• _WHAT YOU WILL DO_: Please copy exactly the line containing "Also the person <box>36,628,146,903</box>." and every line after it, through the last line of the records below, leaving out all pictures.

Stored data
------
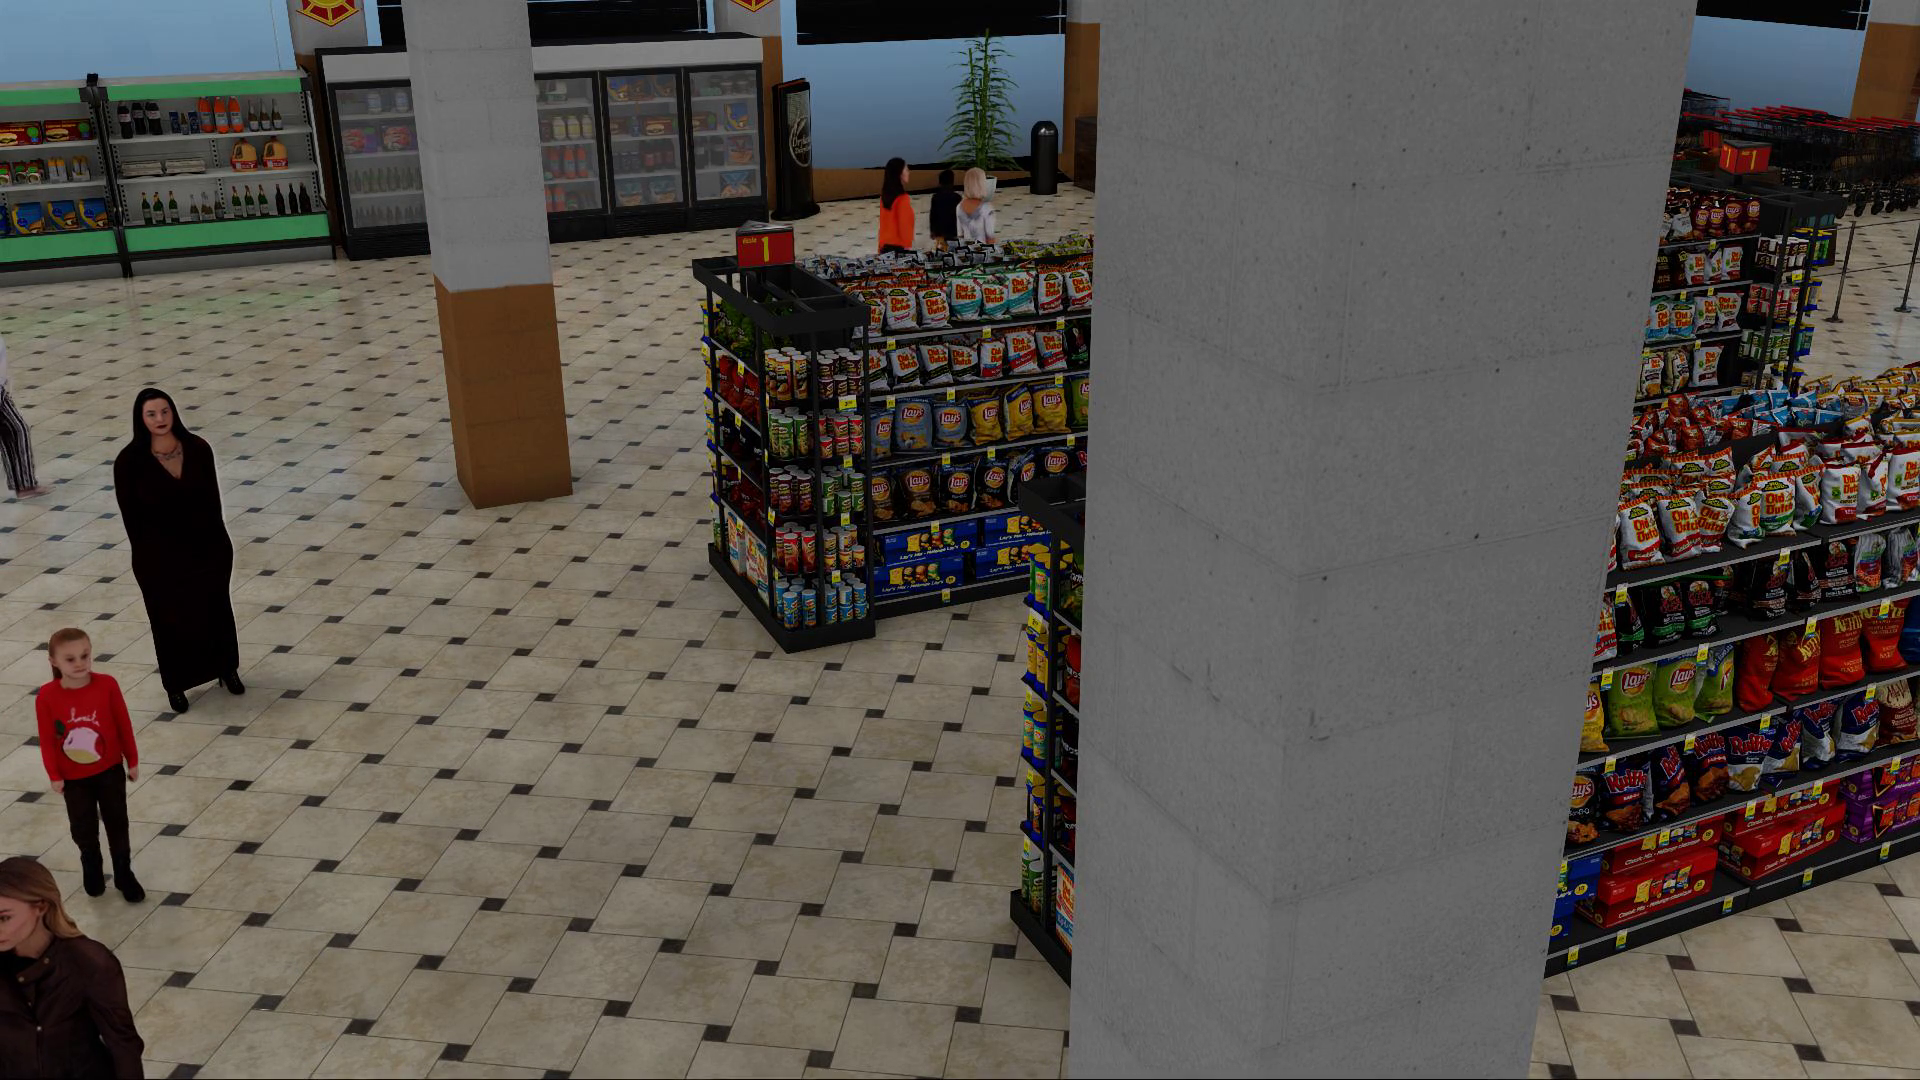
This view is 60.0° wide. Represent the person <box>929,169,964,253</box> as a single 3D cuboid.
[{"bbox_3d":[-0.152,-3.314,17.782,0.800,1.259,0.829,5,22,13],"label":"person"}]

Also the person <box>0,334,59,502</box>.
[{"bbox_3d":[-6.842,-0.984,11.469,1.026,1.643,0.696,-12,25,-27],"label":"person"}]

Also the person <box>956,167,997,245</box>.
[{"bbox_3d":[0.146,-2.502,15.102,0.639,1.752,0.657,14,26,31],"label":"person"}]

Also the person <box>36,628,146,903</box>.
[{"bbox_3d":[-3.741,0.959,7.129,0.547,1.273,0.624,-17,28,-37],"label":"person"}]

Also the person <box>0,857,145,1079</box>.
[{"bbox_3d":[-2.566,1.648,4.839,0.620,1.703,0.735,2,22,5],"label":"person"}]

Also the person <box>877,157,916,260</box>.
[{"bbox_3d":[-0.689,-2.689,15.636,1.107,1.699,0.631,-9,24,-22],"label":"person"}]

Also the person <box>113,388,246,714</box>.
[{"bbox_3d":[-4.112,0.044,8.758,0.650,1.757,0.792,-20,29,-40],"label":"person"}]
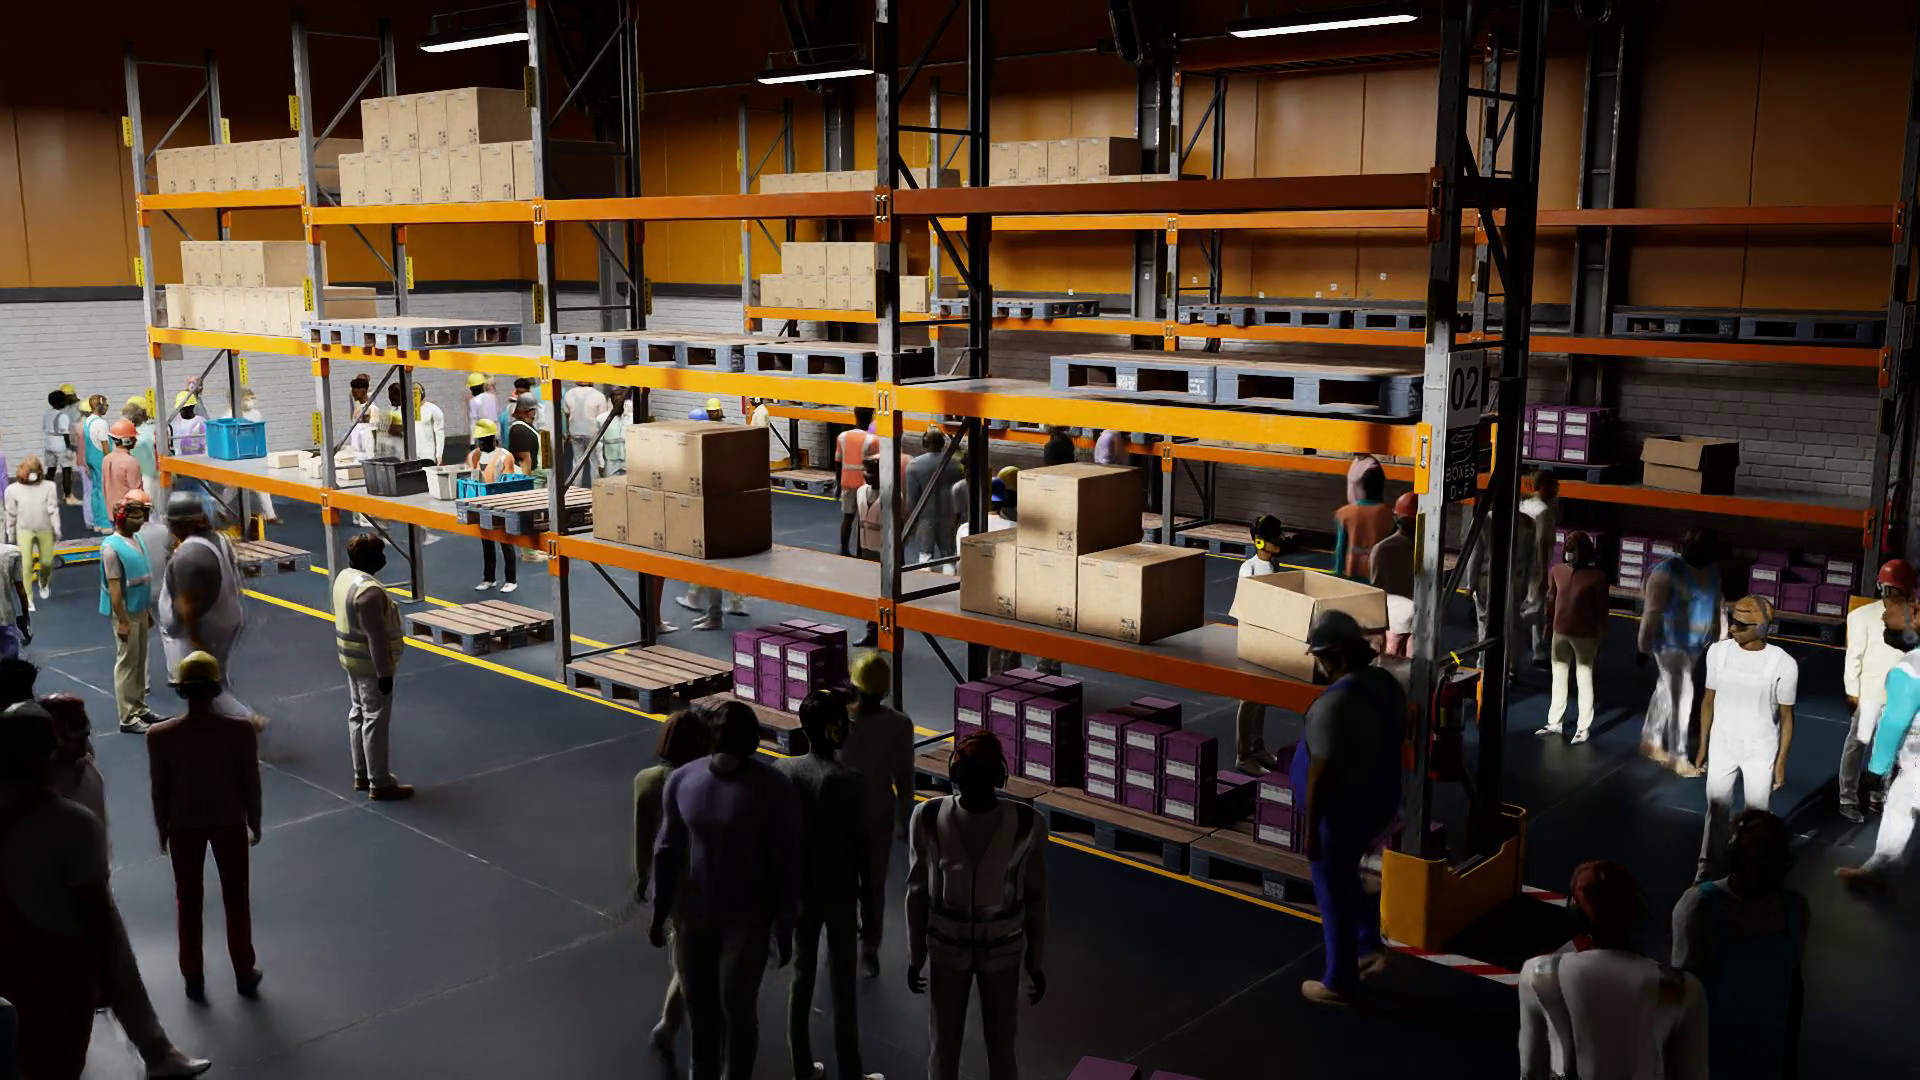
------
• _THE ANSWER_:
Also the person <box>36,628,146,903</box>.
[{"bbox_3d":[-3.741,0.959,7.129,0.547,1.273,0.624,-17,28,-37],"label":"person"}]

Also the person <box>0,857,145,1079</box>.
[{"bbox_3d":[-2.566,1.648,4.839,0.620,1.703,0.735,2,22,5],"label":"person"}]

Also the person <box>877,157,916,260</box>.
[{"bbox_3d":[-0.689,-2.689,15.636,1.107,1.699,0.631,-9,24,-22],"label":"person"}]

Also the person <box>113,388,246,714</box>.
[{"bbox_3d":[-4.112,0.044,8.758,0.650,1.757,0.792,-20,29,-40],"label":"person"}]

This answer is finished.